4.6 One-Sample Poisson Test

If \(X\) is the number of successes in \(n\) (many) trials when the probability of success \(\lambda / n\) is small, then \(X\) is a random variable with a Poisson distribution, and the probability of observing \(X = x\) successes is

\[f(x;\lambda) = \frac{e^{-\lambda} \lambda^x}{x!} \hspace{1cm} x \in (0, 1, ...), \hspace{2mm} \lambda > 0\]

with \(E(X)=\lambda\) and \(Var(X) = \lambda\) where \(\lambda\) is estimated by the sample \(\hat{\lambda}\),

\[\hat{\lambda} = \sum_{i=1}^N x_i / n.\]

Poisson sampling is used to model counts of events that occur randomly over a fixed period of time. You can use the Poisson distribution to perform an exact test on a Poisson random variable.

Example

You are analyzing goal totals from a sample consisting of the 95 matches in the first round of the 2002 World Cup. The average match produced a mean/sd of 1.38 \(\pm\) 1.28 goals, lower than the 1.5 historical average. Should you reject the null hypothesis that the sample is representative of typical values?

Conditions

  • The events must be independent of each other. In this case, the goal-count in one match has no effect on goal-counts in other matches.
  • The expected value of each event must be the same (homogeneity). In this case, the expected goal-count of each match is the same regardless of which teams are playing. This assumption is often dubious, causing the distribution variance to be larger than the mean, a conditional called over-dispersion.

You might also check whether the data is consistent with a Poisson model. This is random sampling, but the data violates the \(\ge\) 5 rule because the minimum expected frequency was 0. To comply with the minimum frequency rule, lump the last six categories into “3-8”.

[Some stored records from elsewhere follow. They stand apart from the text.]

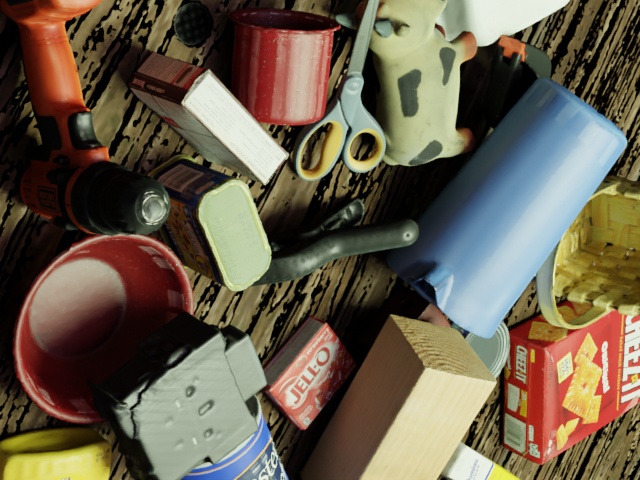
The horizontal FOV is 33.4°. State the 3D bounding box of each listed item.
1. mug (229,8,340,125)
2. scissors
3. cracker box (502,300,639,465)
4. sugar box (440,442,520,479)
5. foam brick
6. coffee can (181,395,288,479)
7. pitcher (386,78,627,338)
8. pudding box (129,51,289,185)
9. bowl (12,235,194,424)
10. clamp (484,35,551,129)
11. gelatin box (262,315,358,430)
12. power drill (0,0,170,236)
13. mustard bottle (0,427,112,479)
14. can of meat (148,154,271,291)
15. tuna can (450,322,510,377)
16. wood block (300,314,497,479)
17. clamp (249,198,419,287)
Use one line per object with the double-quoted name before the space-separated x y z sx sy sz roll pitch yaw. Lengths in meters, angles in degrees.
"mug" -0.029 -0.149 0.907 0.117 0.093 0.081 -50 149 -64
"scissors" 0.041 -0.130 0.949 0.096 0.016 0.202 10 127 -30
"cracker box" 0.320 0.159 1.318 0.213 0.072 0.164 -20 118 -35
"sugar box" 0.167 0.260 1.210 0.176 0.093 0.048 41 77 -42
"foam brick" 0.088 0.098 1.112 0.078 0.053 0.051 -51 131 -16
"coffee can" -0.084 0.216 0.973 0.102 0.103 0.140 -35 125 -26
"pitcher" 0.188 -0.034 1.058 0.144 0.149 0.243 31 103 -26
"pudding box" -0.090 -0.098 0.862 0.113 0.090 0.039 43 78 -41
"bowl" -0.183 0.064 0.865 0.161 0.055 0.162 -15 115 -36
"clamp" 0.215 -0.142 1.115 0.164 0.036 0.210 -46 147 -22
"gelatin box" -0.012 0.131 1.053 0.089 0.030 0.073 -49 130 -16
"power drill" -0.170 -0.096 0.745 0.057 0.185 0.188 -14 105 -37
"mustard bottle" -0.231 0.256 0.893 0.096 0.058 0.192 -3 107 -40
"can of meat" -0.093 -0.014 0.895 0.057 0.084 0.102 -36 125 -25
"tuna can" 0.174 0.124 1.206 0.085 0.034 0.086 -15 115 -36
"wood block" 0.074 0.188 1.057 0.090 0.091 0.206 15 113 -30
"clamp" -0.006 0.001 0.981 0.171 0.120 0.039 -15 103 -13
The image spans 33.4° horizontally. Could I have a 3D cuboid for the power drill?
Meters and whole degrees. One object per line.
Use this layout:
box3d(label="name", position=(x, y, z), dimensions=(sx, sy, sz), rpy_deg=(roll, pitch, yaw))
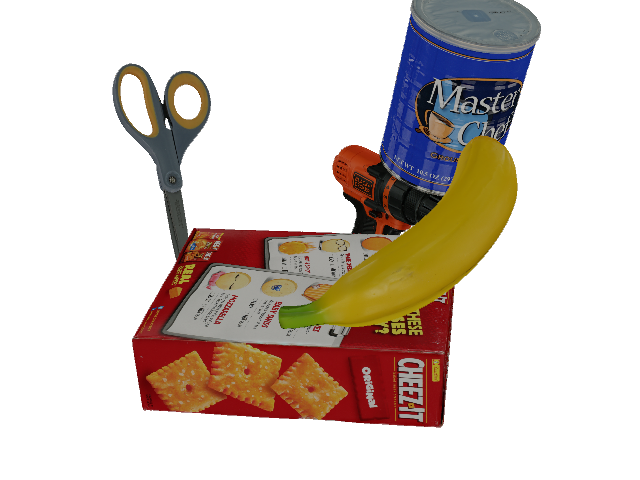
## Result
box3d(label="power drill", position=(0.072, 0.012, 1.076), dimensions=(0.057, 0.188, 0.185), rpy_deg=(-8, 26, -31))

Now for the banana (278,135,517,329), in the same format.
box3d(label="banana", position=(0.062, -0.008, 0.568), dimensions=(0.070, 0.037, 0.197), rpy_deg=(19, 41, 34))

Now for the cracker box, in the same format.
box3d(label="cracker box", position=(-0.011, 0.060, 0.788), dimensions=(0.214, 0.072, 0.164), rpy_deg=(2, 29, 9))

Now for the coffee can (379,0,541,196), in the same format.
box3d(label="coffee can", position=(0.111, -0.121, 0.871), dimensions=(0.102, 0.140, 0.103), rpy_deg=(7, 37, -5))

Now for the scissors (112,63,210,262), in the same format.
box3d(label="scissors", position=(-0.117, -0.064, 0.931), dimensions=(0.096, 0.202, 0.016), rpy_deg=(-24, -1, -29))
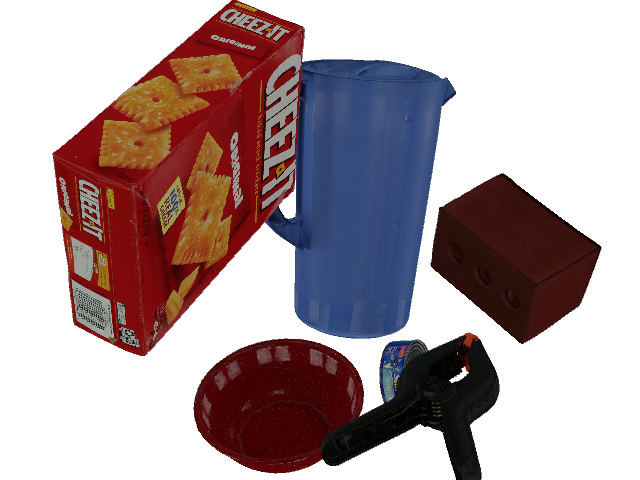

The minimum expected frequency was 15, so now the chi-squared test of independence is valid. Compare the expected values to the observed values with the chi-squared goodness of fit test, but in this case \(df = 4 - 1 - 1\) because the estimated parameter \(\lambda\) reduces the df by 1. You cannot set df in chisq.test(), so perform the test manually.

(X2 <- sum((o - e)^2 / e))
## [1] 0.8618219
(p.value <- pchisq(q = X2, df = length(j) - 1 - 1, lower.tail = FALSE))
## [1] 0.6499168

Of the 95 World Cup matches, 23 had no goals, 37 had one goal, 20 had two goals, and 15 had 3-8 goals. A chi-square goodness-of-fit test was conducted to determine whether the observed goal counts follow a Poisson distribution. The minimum expected frequency was 15. The chi-square goodness-of-fit test indicated that the number of goals scored was not statistically significantly different from the frequencies expected from a Poisson distribution (\(X^2\)(2) = 0.862, p = 0.650).

Results

The conditions for the exact Poisson test were met, so go ahead and run the test.

(pois_val <- poisson.test(
  x = sum(dat_pois$goals * dat_pois$freq), 
  T = sum(dat_pois$freq), 
  r = 1.5)
)
## 
##  Exact Poisson test
## 
## data:  sum(dat_pois$goals * dat_pois$freq) time base: sum(dat_pois$freq)
## number of events = 131, time base = 95, p-value = 0.3567
## alternative hypothesis: true event rate is not equal to 1.5
## 95 percent confidence interval:
##  1.152935 1.636315
## sample estimates:
## event rate 
##   1.378947

Construct a plot showing the 95% CI around the hypothesized value. For a Poisson distribution, I built the distribution around the expected value, \(n\lambda\), not the rate, \(\lambda\).

I think you could report these results like this.

A one-sample exact Poisson test was run to determine whether the number of goals scored in the first round of the 2002 World Cup was different from past World Cups, 1.5. A chi-square goodness-of-fit test indicated that the number of goals was not statistically significantly different from the counts expected in the Poisson distribution (\(X^2\)(2) = 0.862, p = 0.650). Data are mean \(\pm\) standard deviation, unless otherwise stated. Mean goals scored (1.38 \(\pm\) 1.28) was lower than the historical mean of 1.50, but was not statistically significantly different (95% CI, 1.15 to 1.64), p = 0.357.